In this thesis we study mathematical and numerical aspects of adaptive finite element methods with applications to geosciences. First we develop an a posteriori error estimator of hierarchical type for the Local Projection Stabilized (LPS) finite element method, applied to the incompressible Navier-Stokes equations. To approach the error, the technique uses the solution of local problems posed on appropriate finite dimensional spaces of bubble-like functions. Next we propose and analyze a residual a posteriori error estimator for the Multiscale Hybrid-Mixed (MHM) method for the Stokes and Brinkman equations. The error estimator relies on the multi-level structure of the MHM method and considers the two levels of approximation of the method. As a result, the error estimator accounts for a first-level global estimator defined on the skeleton of the partition and second-level contributions from element-wise approximations. The analysis establishes local efficiency and reliability of the complete multiscale estimator. Also, it yields a new face-adaptive strategy on the mesh's skeleton which avoids changing the topology of the global mesh. Specially designed to work on multiscale problems, the present estimator can leverage parallel computers since local error estimators are independent of each other. Finally, we consider a non-linear Stokes problem that models the behavior of a glacier. The nonlinearity of the problem is due to the relationship between the viscosity of the fluid and its velocity, which in this context is given by Glen's law. We propose a MHM scheme to solve the non-linear problem inspired on the MHM scheme for the linear Stokes problem previously studied. For the situations described above, we report several numerical results which assess the performance of the method and confirm theoretical results.

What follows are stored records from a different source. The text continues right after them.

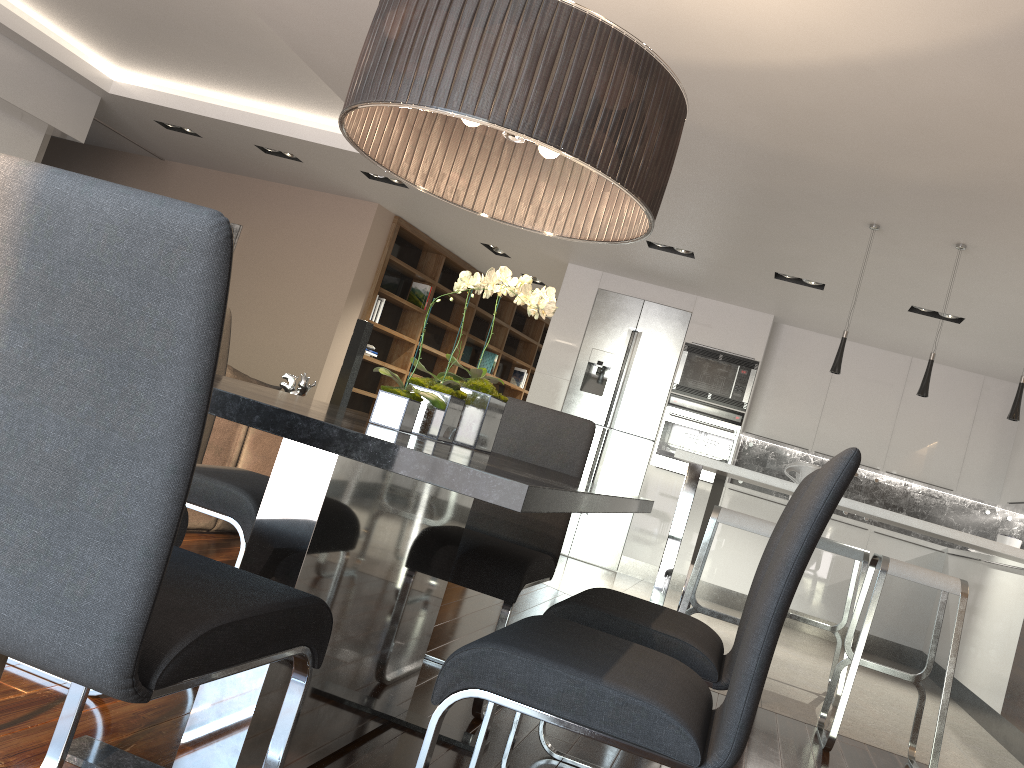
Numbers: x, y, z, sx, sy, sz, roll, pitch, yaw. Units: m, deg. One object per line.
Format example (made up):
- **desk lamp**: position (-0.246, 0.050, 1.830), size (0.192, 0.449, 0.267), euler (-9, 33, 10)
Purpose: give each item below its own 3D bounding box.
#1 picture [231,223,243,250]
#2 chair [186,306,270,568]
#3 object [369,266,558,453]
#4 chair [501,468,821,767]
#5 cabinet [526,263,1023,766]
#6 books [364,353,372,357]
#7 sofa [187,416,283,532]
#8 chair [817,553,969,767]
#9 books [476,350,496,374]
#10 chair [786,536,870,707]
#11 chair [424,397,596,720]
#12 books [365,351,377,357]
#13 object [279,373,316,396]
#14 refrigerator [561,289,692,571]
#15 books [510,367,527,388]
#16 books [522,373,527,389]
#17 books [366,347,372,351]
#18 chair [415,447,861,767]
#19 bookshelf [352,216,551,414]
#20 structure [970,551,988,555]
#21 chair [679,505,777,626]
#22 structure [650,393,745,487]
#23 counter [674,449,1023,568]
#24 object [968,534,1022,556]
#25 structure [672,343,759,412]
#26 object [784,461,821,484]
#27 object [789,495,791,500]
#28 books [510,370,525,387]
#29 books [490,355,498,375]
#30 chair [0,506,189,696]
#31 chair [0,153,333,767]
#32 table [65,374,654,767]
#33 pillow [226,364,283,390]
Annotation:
- **picture**: position (-3.055, -1.033, 8.397), size (0.726, 1.170, 0.030), euler (15, -6, 21)
- **chair**: position (-0.852, 0.255, 2.558), size (0.559, 0.968, 0.435), euler (16, -6, 14)
- **object**: position (-0.080, -0.091, 2.212), size (0.305, 0.503, 0.582), euler (16, -5, 12)
- **chair**: position (0.404, 0.615, 2.292), size (0.559, 0.968, 0.435), euler (16, -6, 14)
- **cabinet**: position (1.436, 0.273, 4.654), size (4.347, 2.509, 7.055), euler (16, -4, 15)
- **books**: position (-1.414, -0.285, 8.363), size (0.157, 0.022, 0.202), euler (17, -4, -5)
- **sofa**: position (-2.494, 0.013, 4.382), size (2.634, 0.706, 2.569), euler (15, -4, 24)
- **chair**: position (1.583, 1.144, 3.637), size (0.411, 0.803, 0.438), euler (16, -6, 14)
- **books**: position (-0.312, -0.268, 10.623), size (0.194, 0.261, 0.015), euler (15, -6, 22)
- **chair**: position (1.615, 1.221, 4.682), size (0.411, 0.803, 0.438), euler (16, -6, 14)
- **chair**: position (-0.076, 0.510, 2.893), size (0.418, 0.968, 0.583), euler (16, -5, 15)
- **books**: position (-1.409, -0.306, 8.346), size (0.171, 0.019, 0.249), euler (16, -4, 15)
- **object**: position (-1.415, 0.062, 5.823), size (0.293, 0.289, 0.275), euler (18, -5, -16)
- **refrigerator**: position (0.909, 0.413, 7.982), size (0.854, 2.353, 0.594), euler (16, -6, 13)
- **books**: position (0.081, -0.085, 11.480), size (0.168, 0.245, 0.019), euler (15, -6, 22)
- **books**: position (0.107, -0.055, 11.537), size (0.149, 0.206, 0.021), euler (15, -6, 22)
- **books**: position (-1.448, -0.362, 8.365), size (0.143, 0.023, 0.228), euler (15, -4, 21)
- **chair**: position (0.217, 0.515, 1.609), size (0.559, 0.968, 0.435), euler (16, -6, 14)
- **bookshelf**: position (-0.211, 0.199, 11.116), size (0.280, 2.499, 6.770), euler (15, -4, 25)
- **structure**: position (3.693, 1.327, 6.486), size (0.554, 0.011, 0.636), euler (16, -4, 15)
- **chair**: position (0.932, 0.957, 3.775), size (0.411, 0.803, 0.438), euler (16, -6, 14)
- **structure**: position (1.662, 0.512, 7.820), size (0.650, 0.653, 0.662), euler (16, -5, 14)
- **counter**: position (2.551, 0.971, 5.862), size (2.631, 0.041, 4.108), euler (16, -4, 15)
- **object**: position (3.974, 1.345, 7.263), size (0.342, 0.235, 0.569), euler (15, -4, 24)
- **structure**: position (1.842, -0.020, 7.924), size (0.646, 0.452, 0.624), euler (16, -4, 14)
- **object**: position (1.456, 0.455, 4.395), size (0.183, 0.133, 0.447), euler (16, -4, 17)
- **object**: position (2.459, 0.976, 7.653), size (0.096, 0.117, 0.088), euler (20, -6, -27)
- **books**: position (0.070, -0.070, 11.458), size (0.149, 0.206, 0.023), euler (15, -6, 22)
- **books**: position (-0.288, -0.253, 10.634), size (0.187, 0.246, 0.029), euler (15, -6, 22)
- **chair**: position (-1.039, 0.154, 1.875), size (0.559, 0.968, 0.435), euler (16, -6, 14)
- **chair**: position (-0.551, 0.260, 1.239), size (0.418, 0.968, 0.583), euler (16, -5, 15)
- **table**: position (-0.355, 0.480, 2.068), size (1.017, 0.763, 1.633), euler (16, -4, 15)
- **pillow**: position (-1.827, -0.032, 4.684), size (1.096, 0.432, 2.016), euler (18, -4, -22)
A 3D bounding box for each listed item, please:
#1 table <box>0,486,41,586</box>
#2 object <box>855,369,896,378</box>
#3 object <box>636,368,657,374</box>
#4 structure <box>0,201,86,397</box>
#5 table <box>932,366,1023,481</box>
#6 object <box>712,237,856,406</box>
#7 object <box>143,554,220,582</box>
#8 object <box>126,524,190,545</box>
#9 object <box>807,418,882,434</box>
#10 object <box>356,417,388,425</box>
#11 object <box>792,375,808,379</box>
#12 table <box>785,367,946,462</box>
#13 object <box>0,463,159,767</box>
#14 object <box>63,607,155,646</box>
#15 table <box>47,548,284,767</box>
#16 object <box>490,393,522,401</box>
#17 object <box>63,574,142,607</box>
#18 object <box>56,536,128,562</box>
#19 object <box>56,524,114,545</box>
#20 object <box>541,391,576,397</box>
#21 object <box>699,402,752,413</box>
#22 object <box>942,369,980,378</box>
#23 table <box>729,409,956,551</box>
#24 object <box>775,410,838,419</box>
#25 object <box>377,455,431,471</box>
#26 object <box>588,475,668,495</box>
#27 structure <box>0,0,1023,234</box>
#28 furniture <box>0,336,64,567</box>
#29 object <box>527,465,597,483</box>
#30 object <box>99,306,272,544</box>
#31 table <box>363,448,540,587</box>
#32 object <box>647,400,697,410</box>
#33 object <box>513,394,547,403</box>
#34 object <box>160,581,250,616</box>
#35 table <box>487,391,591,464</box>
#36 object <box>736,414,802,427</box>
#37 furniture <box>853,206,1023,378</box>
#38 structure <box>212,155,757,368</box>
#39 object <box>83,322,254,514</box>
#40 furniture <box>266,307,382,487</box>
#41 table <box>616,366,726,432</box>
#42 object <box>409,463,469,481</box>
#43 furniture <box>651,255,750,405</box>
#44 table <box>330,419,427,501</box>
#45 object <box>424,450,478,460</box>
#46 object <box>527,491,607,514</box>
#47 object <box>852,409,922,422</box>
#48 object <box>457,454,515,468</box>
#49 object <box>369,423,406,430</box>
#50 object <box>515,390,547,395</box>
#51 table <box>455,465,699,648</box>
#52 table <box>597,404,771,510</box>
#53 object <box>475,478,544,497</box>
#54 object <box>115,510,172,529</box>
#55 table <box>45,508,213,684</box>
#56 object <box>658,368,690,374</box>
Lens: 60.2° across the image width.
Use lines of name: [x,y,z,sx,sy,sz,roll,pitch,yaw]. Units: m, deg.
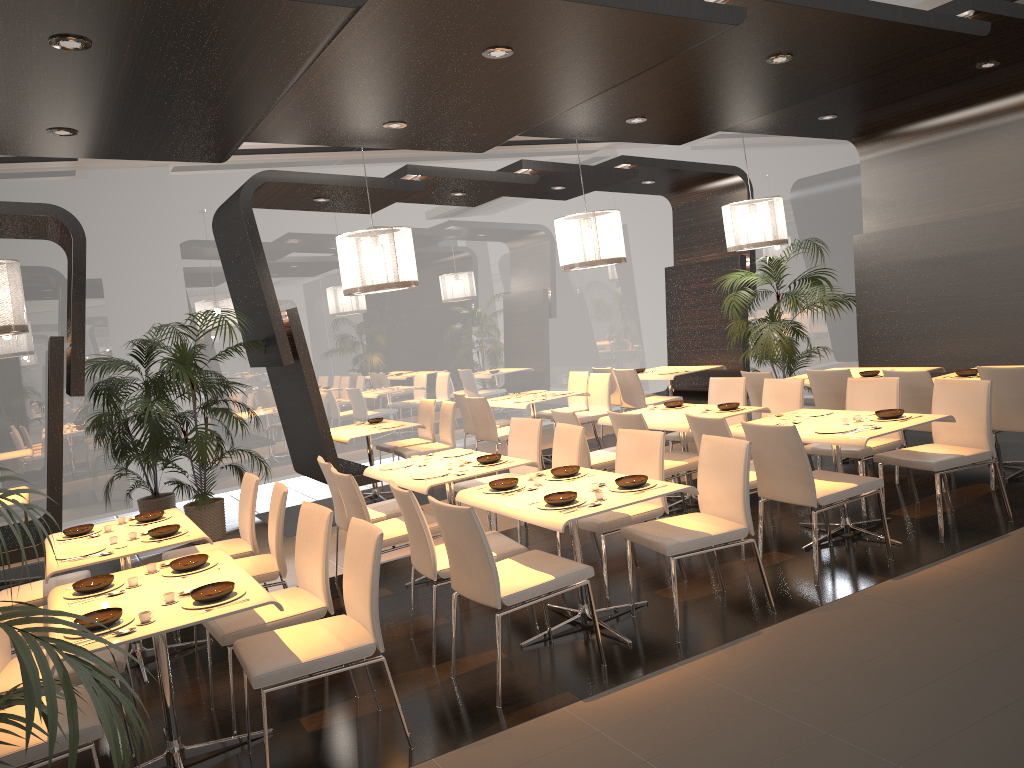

ISI Publications from the Thesis

Rodolfo ARAYA, Ramiro REBOLLEDO, Frederic VALENTIN: On a multiscale a posteriori error estimator for the Stokes and Brinkman equations. IMA Journal of Numerical Analysis, vol. 41, 1, pp. 344-380, (2021).

Rodolfo ARAYA, Ramiro REBOLLEDO: An a posteriori error estimator for a LPS method for Navier-Stokes equations. Applied Numerical Mathematics, vol. 127, pp. 179-195, (2018).